▶ [Exercise]: In this exercise, the entries below are to be transcribed exactly, line by line.

▶ [Supplied material]:
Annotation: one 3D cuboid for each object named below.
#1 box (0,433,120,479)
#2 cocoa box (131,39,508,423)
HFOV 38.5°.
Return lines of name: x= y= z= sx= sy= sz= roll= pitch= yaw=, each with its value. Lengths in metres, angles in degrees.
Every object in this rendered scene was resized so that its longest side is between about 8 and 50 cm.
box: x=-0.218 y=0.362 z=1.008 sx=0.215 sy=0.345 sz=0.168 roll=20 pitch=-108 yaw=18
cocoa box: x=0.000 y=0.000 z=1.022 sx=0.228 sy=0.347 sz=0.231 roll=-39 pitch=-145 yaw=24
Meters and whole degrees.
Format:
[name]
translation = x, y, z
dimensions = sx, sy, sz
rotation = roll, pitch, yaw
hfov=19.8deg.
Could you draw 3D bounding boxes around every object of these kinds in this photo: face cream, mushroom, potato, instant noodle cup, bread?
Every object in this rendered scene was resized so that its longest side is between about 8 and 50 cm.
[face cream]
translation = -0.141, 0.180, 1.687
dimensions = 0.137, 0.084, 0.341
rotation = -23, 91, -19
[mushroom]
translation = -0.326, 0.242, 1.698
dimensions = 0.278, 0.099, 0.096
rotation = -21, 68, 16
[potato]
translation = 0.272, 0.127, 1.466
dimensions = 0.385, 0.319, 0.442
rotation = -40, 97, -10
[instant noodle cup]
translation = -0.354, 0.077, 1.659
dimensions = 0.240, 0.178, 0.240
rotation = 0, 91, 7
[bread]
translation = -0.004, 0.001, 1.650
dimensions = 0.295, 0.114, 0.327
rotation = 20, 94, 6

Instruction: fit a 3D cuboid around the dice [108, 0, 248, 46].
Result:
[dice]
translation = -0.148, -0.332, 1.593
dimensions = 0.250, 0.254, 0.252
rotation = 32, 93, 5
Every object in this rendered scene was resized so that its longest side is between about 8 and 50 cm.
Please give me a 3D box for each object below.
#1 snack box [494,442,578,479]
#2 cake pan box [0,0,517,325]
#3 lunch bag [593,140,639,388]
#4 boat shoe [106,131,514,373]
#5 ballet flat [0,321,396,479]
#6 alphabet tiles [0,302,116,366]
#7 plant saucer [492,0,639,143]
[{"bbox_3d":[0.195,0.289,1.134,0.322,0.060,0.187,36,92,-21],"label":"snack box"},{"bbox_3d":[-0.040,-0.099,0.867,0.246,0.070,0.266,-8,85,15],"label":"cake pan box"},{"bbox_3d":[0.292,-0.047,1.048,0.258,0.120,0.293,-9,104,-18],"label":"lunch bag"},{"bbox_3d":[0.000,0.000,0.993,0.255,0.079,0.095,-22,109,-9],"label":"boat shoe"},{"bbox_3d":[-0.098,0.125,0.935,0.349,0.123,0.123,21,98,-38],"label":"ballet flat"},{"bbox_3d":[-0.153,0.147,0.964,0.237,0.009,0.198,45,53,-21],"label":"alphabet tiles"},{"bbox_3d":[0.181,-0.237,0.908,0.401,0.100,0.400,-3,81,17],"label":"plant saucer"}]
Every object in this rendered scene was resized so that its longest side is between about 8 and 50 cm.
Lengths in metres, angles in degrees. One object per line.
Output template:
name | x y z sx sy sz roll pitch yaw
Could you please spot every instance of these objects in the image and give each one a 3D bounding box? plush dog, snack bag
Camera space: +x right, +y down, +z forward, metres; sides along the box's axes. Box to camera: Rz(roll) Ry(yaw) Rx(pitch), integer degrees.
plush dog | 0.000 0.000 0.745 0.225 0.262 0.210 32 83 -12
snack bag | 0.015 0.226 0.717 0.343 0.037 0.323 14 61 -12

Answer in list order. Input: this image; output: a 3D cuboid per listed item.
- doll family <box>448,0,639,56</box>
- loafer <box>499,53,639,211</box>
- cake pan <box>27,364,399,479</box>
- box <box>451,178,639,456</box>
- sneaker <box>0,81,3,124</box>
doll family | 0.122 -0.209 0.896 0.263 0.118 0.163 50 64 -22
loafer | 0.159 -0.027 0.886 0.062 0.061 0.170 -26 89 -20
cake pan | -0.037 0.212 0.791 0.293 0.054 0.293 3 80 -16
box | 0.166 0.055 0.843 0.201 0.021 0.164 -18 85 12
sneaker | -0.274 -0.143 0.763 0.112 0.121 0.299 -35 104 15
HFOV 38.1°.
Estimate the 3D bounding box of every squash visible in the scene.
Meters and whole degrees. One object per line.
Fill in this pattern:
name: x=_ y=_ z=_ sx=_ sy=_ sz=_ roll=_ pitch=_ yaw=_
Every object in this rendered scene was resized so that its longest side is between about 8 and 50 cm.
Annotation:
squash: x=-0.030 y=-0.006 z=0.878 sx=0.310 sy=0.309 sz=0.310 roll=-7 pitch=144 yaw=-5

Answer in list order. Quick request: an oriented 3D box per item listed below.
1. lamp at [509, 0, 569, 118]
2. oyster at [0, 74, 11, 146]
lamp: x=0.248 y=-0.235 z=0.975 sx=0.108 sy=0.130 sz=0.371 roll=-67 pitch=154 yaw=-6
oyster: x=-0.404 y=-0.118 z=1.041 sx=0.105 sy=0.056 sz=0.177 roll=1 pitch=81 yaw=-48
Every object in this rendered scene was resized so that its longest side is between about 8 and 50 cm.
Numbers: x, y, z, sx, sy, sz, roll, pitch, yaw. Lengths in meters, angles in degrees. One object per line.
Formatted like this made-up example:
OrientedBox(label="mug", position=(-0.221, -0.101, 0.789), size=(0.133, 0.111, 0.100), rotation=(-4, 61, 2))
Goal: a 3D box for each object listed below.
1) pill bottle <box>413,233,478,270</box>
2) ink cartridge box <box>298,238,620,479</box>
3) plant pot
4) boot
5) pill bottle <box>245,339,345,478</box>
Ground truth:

▶ [Solution for this task]:
Annotation: one 3D cuboid for each object named below.
#1 box (0,433,120,479)
#2 cocoa box (131,39,508,423)
HFOV 38.5°.
Return lines of name: x= y= z= sx= sy= sz= roll= pitch= yaw=, each with its value. Lengths in metres, angles in degrees.
Every object in this rendered scene was resized so that its longest side is between about 8 and 50 cm.
box: x=-0.218 y=0.362 z=1.008 sx=0.215 sy=0.345 sz=0.168 roll=20 pitch=-108 yaw=18
cocoa box: x=0.000 y=0.000 z=1.022 sx=0.228 sy=0.347 sz=0.231 roll=-39 pitch=-145 yaw=24
Meters and whole degrees.
Format:
[name]
translation = x, y, z
dimensions = sx, sy, sz
rotation = roll, pitch, yaw
hfov=19.8deg.
Could you draw 3D bounding boxes around every object of these kinds in this photo: face cream, mushroom, potato, instant noodle cup, bread?
Every object in this rendered scene was resized so that its longest side is between about 8 and 50 cm.
[face cream]
translation = -0.141, 0.180, 1.687
dimensions = 0.137, 0.084, 0.341
rotation = -23, 91, -19
[mushroom]
translation = -0.326, 0.242, 1.698
dimensions = 0.278, 0.099, 0.096
rotation = -21, 68, 16
[potato]
translation = 0.272, 0.127, 1.466
dimensions = 0.385, 0.319, 0.442
rotation = -40, 97, -10
[instant noodle cup]
translation = -0.354, 0.077, 1.659
dimensions = 0.240, 0.178, 0.240
rotation = 0, 91, 7
[bread]
translation = -0.004, 0.001, 1.650
dimensions = 0.295, 0.114, 0.327
rotation = 20, 94, 6

Instruction: fit a 3D cuboid around the dice [108, 0, 248, 46].
Result:
[dice]
translation = -0.148, -0.332, 1.593
dimensions = 0.250, 0.254, 0.252
rotation = 32, 93, 5
Every object in this rendered scene was resized so that its longest side is between about 8 and 50 cm.
Please give me a 3D box for each object below.
#1 snack box [494,442,578,479]
#2 cake pan box [0,0,517,325]
#3 lunch bag [593,140,639,388]
#4 boat shoe [106,131,514,373]
#5 ballet flat [0,321,396,479]
#6 alphabet tiles [0,302,116,366]
#7 plant saucer [492,0,639,143]
[{"bbox_3d":[0.195,0.289,1.134,0.322,0.060,0.187,36,92,-21],"label":"snack box"},{"bbox_3d":[-0.040,-0.099,0.867,0.246,0.070,0.266,-8,85,15],"label":"cake pan box"},{"bbox_3d":[0.292,-0.047,1.048,0.258,0.120,0.293,-9,104,-18],"label":"lunch bag"},{"bbox_3d":[0.000,0.000,0.993,0.255,0.079,0.095,-22,109,-9],"label":"boat shoe"},{"bbox_3d":[-0.098,0.125,0.935,0.349,0.123,0.123,21,98,-38],"label":"ballet flat"},{"bbox_3d":[-0.153,0.147,0.964,0.237,0.009,0.198,45,53,-21],"label":"alphabet tiles"},{"bbox_3d":[0.181,-0.237,0.908,0.401,0.100,0.400,-3,81,17],"label":"plant saucer"}]
Every object in this rendered scene was resized so that its longest side is between about 8 and 50 cm.
Lengths in metres, angles in degrees. One object per line.
Output template:
name | x y z sx sy sz roll pitch yaw
Could you please spot every instance of these objects in the image and give each one a 3D bounding box? plush dog, snack bag
Camera space: +x right, +y down, +z forward, metres; sides along the box's axes. Box to camera: Rz(roll) Ry(yaw) Rx(pitch), integer degrees.
plush dog | 0.000 0.000 0.745 0.225 0.262 0.210 32 83 -12
snack bag | 0.015 0.226 0.717 0.343 0.037 0.323 14 61 -12

Answer in list order. Input: this image; output: a 3D cuboid per listed item.
- doll family <box>448,0,639,56</box>
- loafer <box>499,53,639,211</box>
- cake pan <box>27,364,399,479</box>
- box <box>451,178,639,456</box>
- sneaker <box>0,81,3,124</box>
doll family | 0.122 -0.209 0.896 0.263 0.118 0.163 50 64 -22
loafer | 0.159 -0.027 0.886 0.062 0.061 0.170 -26 89 -20
cake pan | -0.037 0.212 0.791 0.293 0.054 0.293 3 80 -16
box | 0.166 0.055 0.843 0.201 0.021 0.164 -18 85 12
sneaker | -0.274 -0.143 0.763 0.112 0.121 0.299 -35 104 15
HFOV 38.1°.
Estimate the 3D bounding box of every squash visible in the scene.
Meters and whole degrees. One object per line.
Fill in this pattern:
name: x=_ y=_ z=_ sx=_ sy=_ sz=_ roll=_ pitch=_ yaw=_
Every object in this rendered scene was resized so that its longest side is between about 8 and 50 cm.
Annotation:
squash: x=-0.030 y=-0.006 z=0.878 sx=0.310 sy=0.309 sz=0.310 roll=-7 pitch=144 yaw=-5

Answer in list order. Quick request: an oriented 3D box per item listed below.
1. lamp at [509, 0, 569, 118]
2. oyster at [0, 74, 11, 146]
lamp: x=0.248 y=-0.235 z=0.975 sx=0.108 sy=0.130 sz=0.371 roll=-67 pitch=154 yaw=-6
oyster: x=-0.404 y=-0.118 z=1.041 sx=0.105 sy=0.056 sz=0.177 roll=1 pitch=81 yaw=-48
Every object in this rendered scene was resized so that its longest side is between about 8 and 50 cm.
Numbers: x, y, z, sx, sy, sz, roll, pitch, yaw. Lengths in meters, angles in degrees. One object per line.
Formatted like this made-up example:
OrientedBox(label="mug", position=(-0.221, -0.101, 0.789), size=(0.133, 0.111, 0.100), rotation=(-4, 61, 2))
Goal: a 3D box for each object listed below.
1) pill bottle <box>413,233,478,270</box>
2) ink cartridge box <box>298,238,620,479</box>
3) plant pot
4) boot
5) pill bottle <box>245,339,345,478</box>
Ground truth:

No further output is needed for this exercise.